BEGIN Records provided
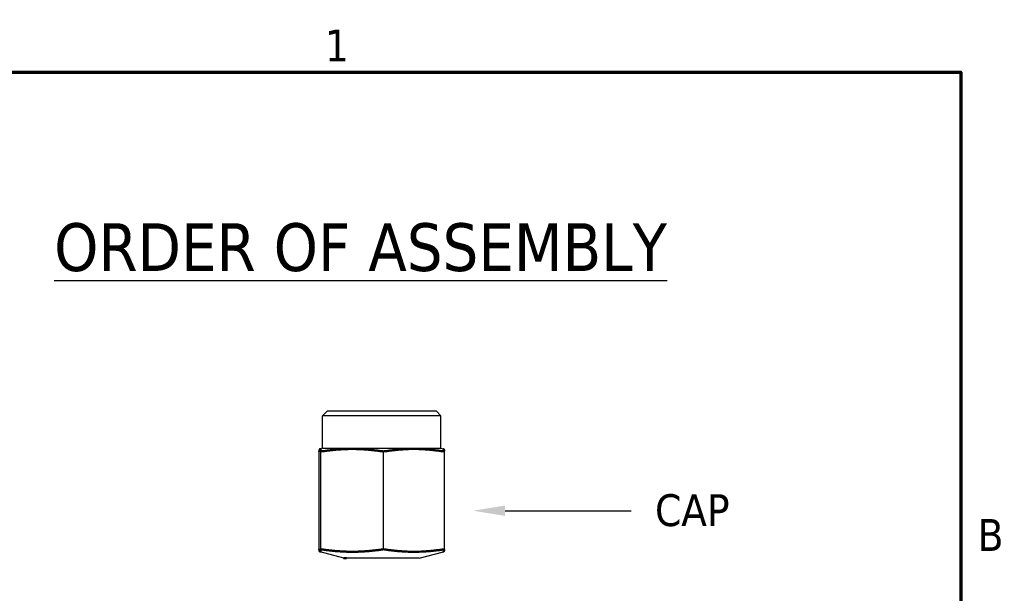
# Model space of a CAD drawing. Header units: inches. Extents: x 0.2 to 10.9, y 0.3 to 8.6.
# Tile 22 of 22: x 7.1 to 10.8, y 6.4 to 8.5. Entities that reach past the tile are written whole.
import ezdxf
from ezdxf import colors
from ezdxf.entities.mleader import LeaderData, LeaderLine
from ezdxf.math import Vec2, Vec3

# ---------------------------------------------------------------- set-up
doc = ezdxf.new("R2010")
doc.units = ezdxf.units.IN
doc.header["$MEASUREMENT"] = 0
for name, color, linetype, lineweight in [('Border (ANSI)', 7, 'Continuous', 70), ('Geometry', 255, 'Continuous', 25), ('Visible (ANSI)', 7, 'Continuous', 50)]:
    doc.layers.add(name, color=color, linetype=linetype, lineweight=lineweight)
doc.layers.add('Dimensions', color=250, linetype='Continuous')
doc.styles.add('Note Text (ANSI)', font='tahoma.ttf')
doc.styles.get("Standard").update_dxf_attribs({"font": 'tahoma.ttf'})

# ---------------------------------------------------------------- blocks, each defined once
blk = doc.blocks.new('new block')
at = {"layer": 'Border (ANSI)', "flags": 128}
blk.add_lwpolyline([(0, 0), (0, 7.74), (10.24, 7.74), (10.24, 0), (0, 0)], dxfattribs=at)
at = {"layer": 'Border (ANSI)', "char_height": 0.12, "attachment_point": 7, "style": 'Note Text (ANSI)'}
for s, insert in [('1', (7.8429, 7.78)), ('B', (10.3034, 5.935))]:
    blk.add_mtext(s, dxfattribs=dict(at, insert=insert))

msp = doc.modelspace()

# ---------------------------------------------------------------- linework, layer by layer
at = {"layer": 'Geometry'}
for p, q in [((8.2625, 7.0517), (8.2437, 7.033)), ((8.2625, 7.0517), (8.6712, 7.0517)), ((8.6712, 7.0517), (8.69, 7.033)), ((8.69, 7.033), (8.2437, 7.033)), ((8.2437, 6.9105), (8.2437, 7.033)), ((8.69, 6.9105), (8.69, 7.033)), ((8.2437, 6.9105), (8.2343, 6.908)), ((8.2437, 6.9105), (8.69, 6.9105)), ((8.69, 6.9105), (8.6994, 6.908)), ((8.2311, 6.53), (8.2311, 6.8985)), ((8.2377, 6.53), (8.2377, 6.8985)), ((8.4735, 6.53), (8.4735, 6.8985)), ((8.7026, 6.53), (8.7026, 6.8985)), ((8.3234, 6.4968), (8.2343, 6.5205)), ((8.6073, 6.496), (8.334, 6.496)), ((8.6073, 6.496), (8.6994, 6.5205))]:
    msp.add_line(p, q, dxfattribs=at)
at = {"layer": 'Visible (ANSI)'}
for points, weights in [([(8.2377, 6.8985), (8.2344, 6.9163), (8.2311, 6.8985)], [1.07699465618, 1.24360630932, 1.07699465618]), ([(8.4735, 6.8985), (8.3556, 6.9163), (8.2377, 6.8985)], [1.07699465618, 1.24360630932, 1.07699465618]), ([(8.7026, 6.8985), (8.588, 6.9163), (8.4735, 6.8985)], [1.07699465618, 1.24360630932, 1.07699465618]), ([(8.6994, 6.908), (8.7009, 6.9076), (8.7026, 6.8985)], [1.16012442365, 1.15647076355, 1.07699465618]), ([(8.2311, 6.53), (8.2344, 6.5122), (8.2377, 6.53)], [1.07699465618, 1.24360630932, 1.07699465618]), ([(8.2377, 6.53), (8.3556, 6.5122), (8.4735, 6.53)], [1.07699465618, 1.24360630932, 1.07699465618]), ([(8.4735, 6.53), (8.588, 6.5122), (8.7026, 6.53)], [1.07699465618, 1.24360630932, 1.07699465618]), ([(8.7026, 6.53), (8.7009, 6.5209), (8.6994, 6.5205)], [1.07699465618, 1.15647076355, 1.16012442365])]:
    msp.add_rational_spline(points, weights, degree=2, dxfattribs=at)
for points, knots in [([(8.332, 6.4962), (8.3315, 6.4962), (8.3311, 6.4962), (8.3306, 6.4963), (8.3292, 6.4963), (8.3279, 6.4964), (8.3269, 6.4965), (8.3256, 6.4966), (8.3246, 6.4966), (8.324, 6.4967), (8.323, 6.4969), (8.3229, 6.497), (8.3236, 6.4972)], [0.8764317, 0.8764317, 0.8764317, 0.8764317, 0.8832611, 0.8832611, 0.8832611, 0.9065827, 0.9065827, 0.9065827, 0.935453, 0.935453, 0.935453, 0.9810364, 0.9810364, 0.9810364, 0.9810364]), ([(8.3233, 6.4972), (8.3247, 6.497), (8.3263, 6.4968), (8.3299, 6.4964), (8.332, 6.4962), (8.3342, 6.496)], [0.00013721, 0.00013721, 0.00013721, 0.00013721, 0.02382731, 0.02382731, 0.04738949, 0.04738949, 0.04738949, 0.04738949])]:
    msp.add_open_spline(points, degree=3, knots=knots, dxfattribs=at)

# ---------------------------------------------------------------- block references
at = {"layer": 'Dimensions'}
msp.add_blockref('new block', (0.4096, 0.5887), dxfattribs=at)

# ---------------------------------------------------------------- texts
at = {"layer": 'Dimensions', "insert": (8.3869, 7.6672), "char_height": 0.18, "width": 4.354892, "attachment_point": 5, "style": 'Note Text (ANSI)'}
msp.add_mtext('{\\LORDER OF ASSEMBLY}', dxfattribs=at)

# ---------------------------------------------------------------- leaders
at = {"layer": 'Dimensions'}
ml = msp.add_multileader_mtext('Standard', dxfattribs=at)
ml.set_content('CAP', color=256)
ml.set_leader_properties()
ml.build(insert=Vec2(0, 0))
ml.multileader.update_dxf_attribs({"text_left_attachment_type": 2, "text_right_attachment_type": 2, "dogleg_length": 0.36, "arrow_head_size": 0.12})
ctx = ml.context
ctx.base_point, ctx.char_height, ctx.arrow_head_size, ctx.landing_gap_size, ctx.plane_origin = Vec3(9.4067, 6.6752), 0.12, 0.12, 0.09, Vec3(8.7616, 6.6752)
ctx.left_attachment, ctx.right_attachment = 2, 2
notes = []
notes.append((ctx, [(0, (1, 1, 0), (9.2373, 6.6752), (1, 0), 0.1694, [(0, [(8.8116, 6.6752)], 0, [])])]))
ctx.mtext.insert, ctx.mtext.flow_direction = Vec3(9.4967, 6.7374), 5
for ctx, leaders in notes:
    for number, flags, end, landing, length, lines in leaders:
        leader = LeaderData()
        leader.index, (leader.has_last_leader_line, leader.has_dogleg_vector, leader.attachment_direction) = number, flags
        leader.last_leader_point, leader.dogleg_vector, leader.dogleg_length = Vec3(end), Vec3(landing), length
        for number, points, colour, breaks in lines:
            line = LeaderLine()
            line.index, line.vertices, line.color, line.breaks = number, Vec3.list(points), colors.encode_raw_color(colour), breaks
            leader.lines.append(line)
        ctx.leaders.append(leader)

doc.saveas('drawing.dxf')
END Records provided
● To do
After reading the records above, work out how many lines contain "weights" and give that number only.

● Result of this exercise
2